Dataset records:
[Start of section]

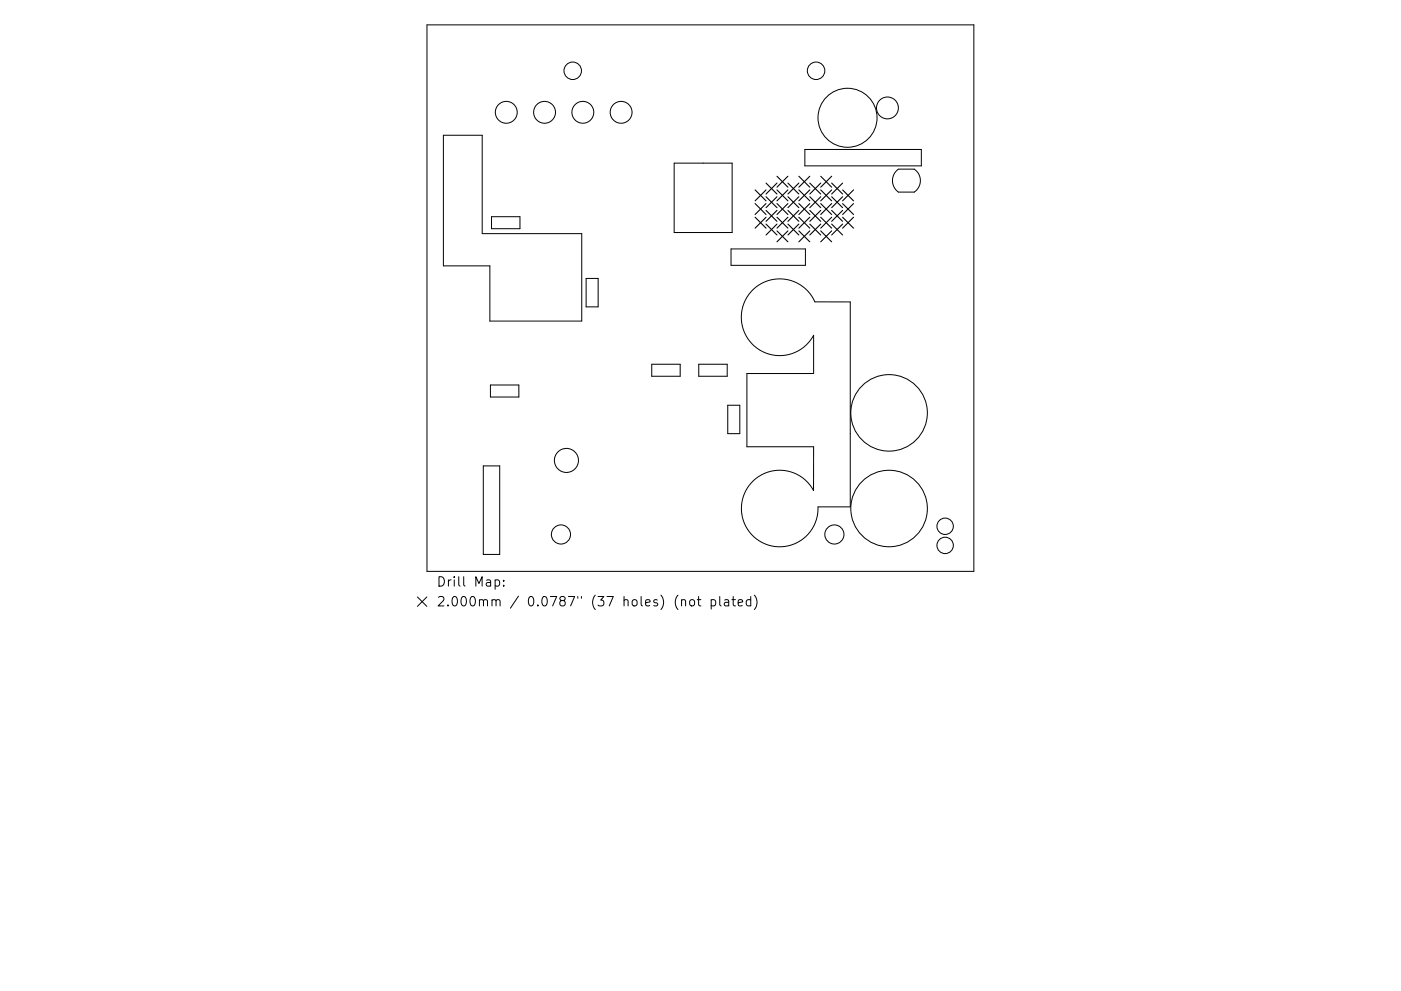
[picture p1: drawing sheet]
<svg xmlns="http://www.w3.org/2000/svg" width="297mm" height="210mm" viewBox="0 0 297 210" stroke-linecap="round" stroke-linejoin="round" font-family="sans-serif">
<defs><g id="words">
<g font-size="2.8">
<text x="92.5" y="124.5">Drill Map:</text>
<text x="92.5" y="128.7">2.000mm / 0.0787&quot; (37 holes) (not plated)</text>
</g>
</g></defs>
<g fill="none" stroke="#000" stroke-width=".21">
<path d="M90.5 5.3h116v115.9h-116zM94 28.7h8.2v20.9h21.1v18.5h-19.4v-11.7h-9.9zM142.9 34.6h12.3v14.7h-12.3zM170.6 31.7h24.7v3.5h-24.7zM190.1 36.2l.4-.3h3.3a2.93 2.93 0 0 1 0 4.9h-3.3a2.99 2.99 0 0 1-.4-4.6zM104.2 46h6v2.5h-6zM124.3 59.1h2.5v6h-2.5zM155 52.8h15.8v3.5h-15.8zM138.2 77.3h6v2.5h-6zM148.2 77.3h6v2.5h-6zM159.7 61.4a8.1 8.1 0 0 1 13.1 2.6l7.5 .1v43.4h-6.9a8.1 8.1 0 0 1-10.7 8.1 8.1 8.1 0 0 1-3.6-13 8.1 8.1 0 0 1 13.4 1.5v-9.3h-14.1v-15.5h14.1v-8.2a8.1 8.1 0 0 1-12.1 2.7 8.1 8.1 0 0 1-.7-12.4zM102.5 98.8h3.4v18.8h-3.4z"/>
<path d="M104 81.7h6v2.5h-6zM154.3 86h2.5v6h-2.5zM88.5 126.7l2 2M90.5 126.7l-2 2M105 123.1l.6-.1 .3 .4v.6l-.2 .3h-.7M106.8 124.2v.2M106.8 123.1v.2M144.5 127.4l.3-.2 .5 .1 .1 1.3M146.3 127.4l.3-.2a.54 .54 0 0 1 .7 .4v.6a.54 .54 0 0 1-.6 .4 .54 .54 0 0 1-.5-.4zM147.8 127.2h.8M148.1 126.6v1.7l.1 .2 .4 .1M150.8 127.3l.6-.1 .3 .4v.6l-.1 .3h-.8"/>
<path d="M150.8 127.2v2M152.6 126.6v1.7l.3 .3M153.6 127.3h.8l.1 1.3M154.5 127.7l-.7 .1a.39 .39 0 0 0-.3 .4 .39 .39 0 0 0 .3 .4l.7-.1M155.2 127.2h.7M155.5 126.6v1.7l.1 .2 .3 .1M156.5 127.9l1-.2-.1-.4-.6-.1-.3 .3 .1 1h.8M159.2 127.3l-.6-.1-.4 .4v.6l.2 .3h.8M159.2 126.6v2M159.9 126.3a2.29 2.29 0 0 1 0 3"/>
<circle cx="121.4" cy="15" r="1.86"/>
<circle cx="173" cy="15" r="1.86"/>
<circle cx="107.3" cy="23.8" r="2.32"/>
<circle cx="115.5" cy="23.8" r="2.32"/>
<circle cx="123.6" cy="23.8" r="2.32"/>
<circle cx="131.7" cy="23.8" r="2.32"/>
<circle cx="179.7" cy="25" r="6.3"/>
<circle cx="188.2" cy="22.9" r="2.32"/>
<circle cx="120.1" cy="97.7" r="2.55"/>
<circle cx="188.5" cy="87.6" r="8.1"/>
<circle cx="118.9" cy="113.4" r="2.03"/>
<circle cx="176.9" cy="113.4" r="2.03"/>
<circle cx="188.5" cy="107.9" r="8.1"/>
<circle cx="200.4" cy="115.7" r="1.74"/>
<circle cx="200.4" cy="111.7" r="1.74"/>
</g>
<g fill="none" stroke="#000" stroke-width=".23">
<path d="M162.4 38.8l2.3 2.4M164.7 38.8l-2.3 2.4M164.7 37.4l2.4 2.3M167.1 37.4l-2.4 2.3M167.1 38.8l2.3 2.4M169.4 38.8l-2.3 2.4M169.4 37.4l2.3 2.3M171.7 37.4l-2.3 2.3M171.7 38.8l2.3 2.4M174 38.8l-2.3 2.4M174 37.4l2.3 2.3M176.3 37.4l-2.3 2.3"/>
<path d="M176.3 38.8l2.3 2.4M178.6 38.8l-2.3 2.4M160.1 40.3l2.3 2.3M160.1 43.2l2.3 2.3M160.1 46.1l2.3 2.3M162.4 40.3l-2.3 2.3M162.4 43.2l-2.3 2.3M162.4 46.1l-2.3 2.3M162.4 41.7l2.3 2.4M162.4 44.6l2.3 2.4M162.4 47.5l2.3 2.4M164.7 41.7l-2.3 2.4"/>
<path d="M164.7 44.6l-2.3 2.4M164.7 47.5l-2.3 2.4M164.7 40.3l2.4 2.3M164.7 43.2l2.4 2.3M164.7 46.1l2.4 2.3M164.7 49l2.4 2.3M167.1 40.3l-2.4 2.3M167.1 43.2l-2.4 2.3M167.1 46.1l-2.4 2.3M167.1 49l-2.4 2.3M167.1 41.7l2.3 2.4M167.1 44.6l2.3 2.4"/>
<path d="M167.1 47.5l2.3 2.4M169.4 41.7l-2.3 2.4M169.4 44.6l-2.3 2.4M169.4 47.5l-2.3 2.4M169.4 40.3l2.3 2.3M169.4 43.2l2.3 2.3M169.4 46.1l2.3 2.3M169.4 49l2.3 2.3M171.7 40.3l-2.3 2.3M171.7 43.2l-2.3 2.3M171.7 46.1l-2.3 2.3M171.7 49l-2.3 2.3"/>
<path d="M171.7 41.7l2.3 2.4M171.7 44.6l2.3 2.4M171.7 47.5l2.3 2.4M174 41.7l-2.3 2.4M174 44.6l-2.3 2.4M174 47.5l-2.3 2.4M174 40.3l2.3 2.3M174 43.2l2.3 2.3M174 46.1l2.3 2.3M174 49l2.3 2.3M176.3 40.3l-2.3 2.3M176.3 43.2l-2.3 2.3"/>
<path d="M176.3 46.1l-2.3 2.3M176.3 49l-2.3 2.3M176.3 41.7l2.3 2.4M176.3 44.6l2.3 2.4M176.3 47.5l2.3 2.4M178.6 41.7l-2.3 2.4M178.6 44.6l-2.3 2.4M178.6 47.5l-2.3 2.4M178.6 40.3l2.4 2.3M178.6 43.2l2.4 2.3M178.6 46.1l2.4 2.3M181 40.3l-2.4 2.3"/>
<path d="M181 43.2l-2.4 2.3M181 46.1l-2.4 2.3"/>
</g>
<use href="#words"/>
</svg>

[End of section]

What the task requires:
Identify all lines in the records above with the word "stroke".

Exercise solution:
<svg xmlns="http://www.w3.org/2000/svg" width="297mm" height="210mm" viewBox="0 0 297 210" stroke-linecap="round" stroke-linejoin="round" font-family="sans-serif">
<g fill="none" stroke="#000" stroke-width=".21">
<g fill="none" stroke="#000" stroke-width=".23">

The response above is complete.